Hold off thine hand! away! go rave and dance,
And wipe not off thy folly upon me.
On him, thy folly's teacher, I will wreak
Instant relentless justice. Some one go,
The seats from which he spies the flight of birds,
False augur, with the iron forks o'erthrow,
Scattering in wild confusion all abroad,
And cast his chaplets to the winds and storms;
Thou'lt gall him thus, gall to the height of bitterness.
Ye to the city! seek that stranger out,
That womanly man, who with this new disease
Afflicts our matrons, and defiles their beds:
Seize him, and bring him hither straight in chains,
That he may suffer stoning, that dread death.
Such be his woful Orgies here in Thebes.

TIRESIAS.
Oh, miserable! that know'st not what thou sayest,
Crazed wert thou, now thou'rt at the height of madness:
But go we, Cadmus, and pour forth our prayer,
Even for this savage and ungodly man;
And for our city, lest the God o'ertake us
With some strange vengeance.

118

Come with thy ivy staff,
Lean thou on me, and I will lean on thee:
'Twere sad for two old men to fall, yet go
We must, and serve great Bacchus, son of Jove.
What woe, O Cadmus, will this woe-named man
Bring to thine house!

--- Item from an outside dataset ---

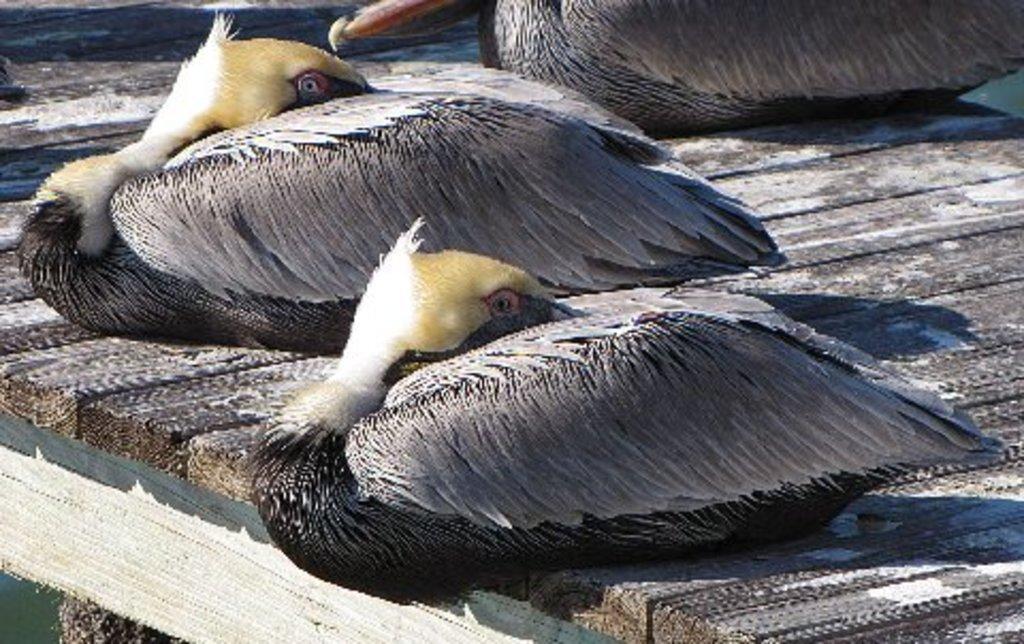Can you describe this image briefly? There are birds on the wooden surface.

I speak not now as prophet,
But a plain simple fact: fools still speak folly.

CHORUS.
Holy Goddess! Goddess old!
Holy! thou the crown of gold
In the nether realm that wearest,
Pentheus' awful speech thou hearest,
Hearest his insulting tone
'Gainst Semele's immortal son,
Bromius, of Gods the first and best.
At every gay and flower-crowned feast,
His the dance's jocund strife,
And the laughter with the fife,
Every care and grief to lull,
When the sparkling wine-cup full
Crowns the Gods' banquets, or lets fall
Sweet sleep on the eyes of men at mortal festival.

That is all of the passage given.